Again, I had at look at the IPB v3 version and there they seem to have "fixed" it by only using unordered lists (they use a class to see what kind of  list it eventually becomes).


----------



## Rydian (Nov 6, 2010)

Bump.


----------



## tk_saturn (Nov 6, 2010)

Rydian...

http://gbatemp.net/i-boardrules



			
				QUOTE said:
			
		

> Avoid bumping (reviving) old or new topics; they'll be replied to when they're replied to.



Given how many people have replied to the thread, I wouldn't go expecting it to be fixed. There's a few unfixed bugs in the parser, give up.


----------



## Rydian (Nov 7, 2010)

This is a thread for the staff, not normal users (thus the bump to page 1).


----------



## Overlord Nadrian (Nov 7, 2010)

That still doesn't justify your seemingly infinite hunger for a higher postcount.


----------



## Rydian (Nov 7, 2010)

It's a single post (versus my over 4,700) after a month's wait (which is most definitely not flooding) in a thread in the site discussion about an annoying forum parsing bug.

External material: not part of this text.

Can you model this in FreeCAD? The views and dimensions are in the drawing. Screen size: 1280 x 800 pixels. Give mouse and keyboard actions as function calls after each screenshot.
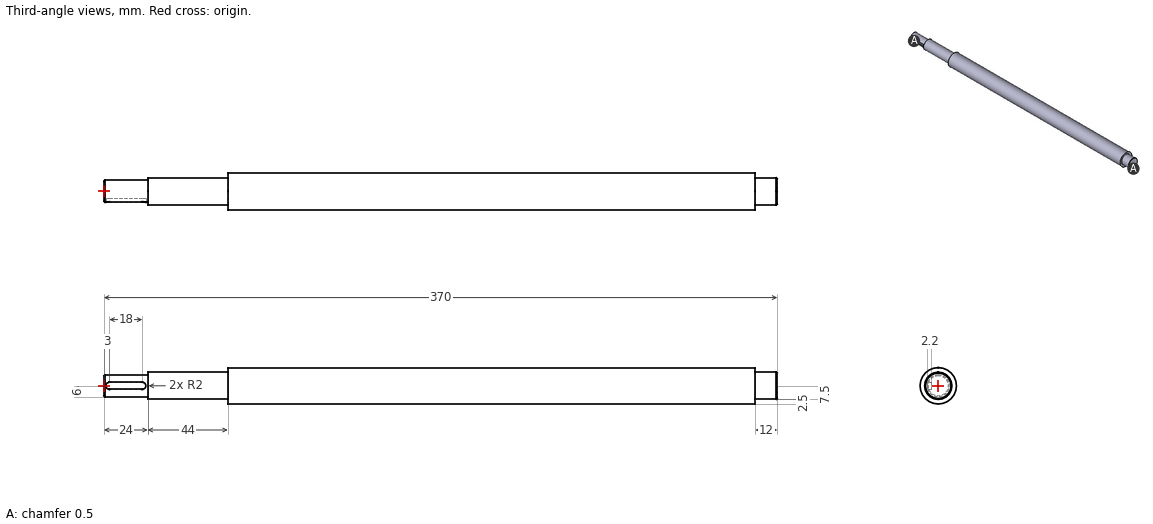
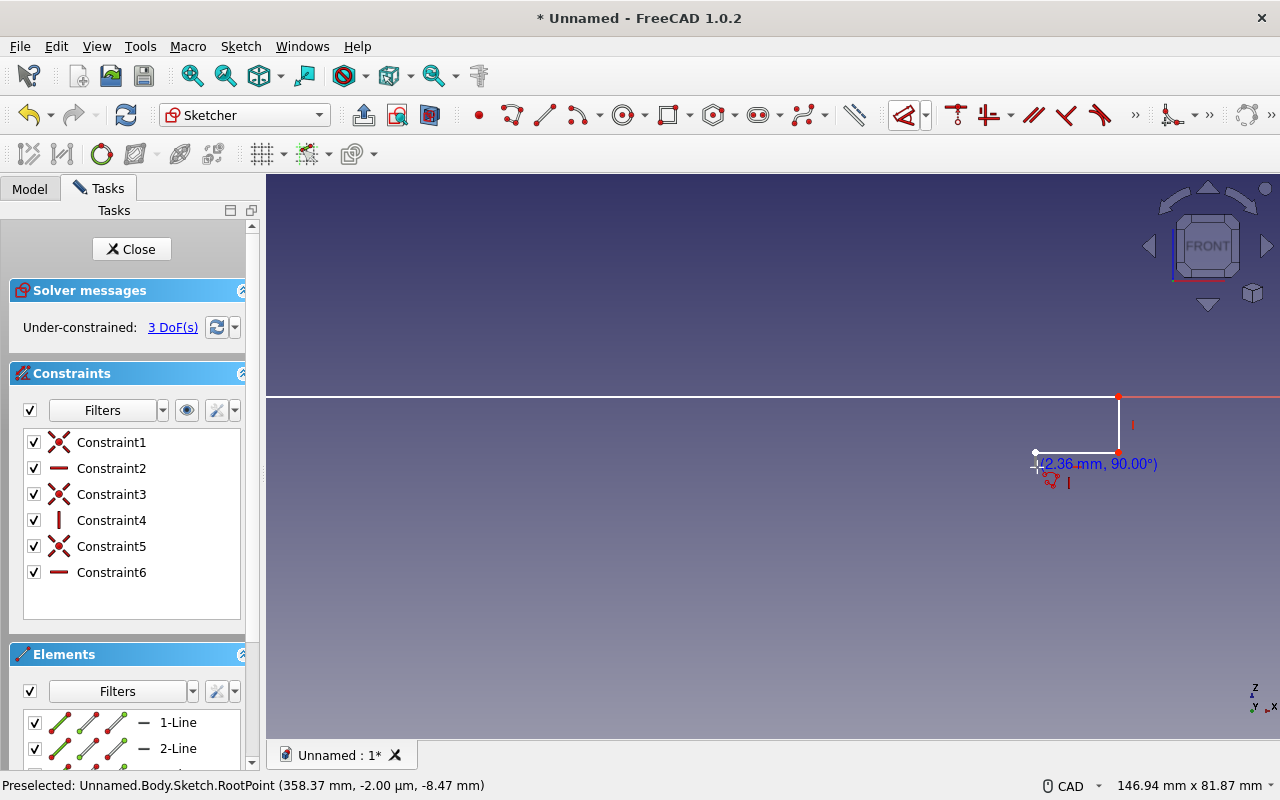
click(1036, 466)

Spamming for higher postcount, is it not.


----------



## Overlord Nadrian (Nov 7, 2010)

Nearly half of your 'over 4700' are posts like these: useless spam.

Oh well, do as you wish, I'll stop whining.


----------



## p1ngpong (Nov 7, 2010)

Ive got nothing against a legitimate bug report being bumped if it has had no admin response for a significant amount of time. A month without a response is long enough for a bump under these circumstances as far as I am concerned. We appreciate reports of this nature being made.


----------



## shaunj66 (Nov 9, 2010)

Unfortunately unless Costello has time to dive into the sources necessary to fix this, this is one of those issues that will most likely be around until the next forum upgrade. Sorry.


----------



## Rydian (Nov 9, 2010)

Alright, I'll just use/encourage color coding of sections instead of lists for now.


----------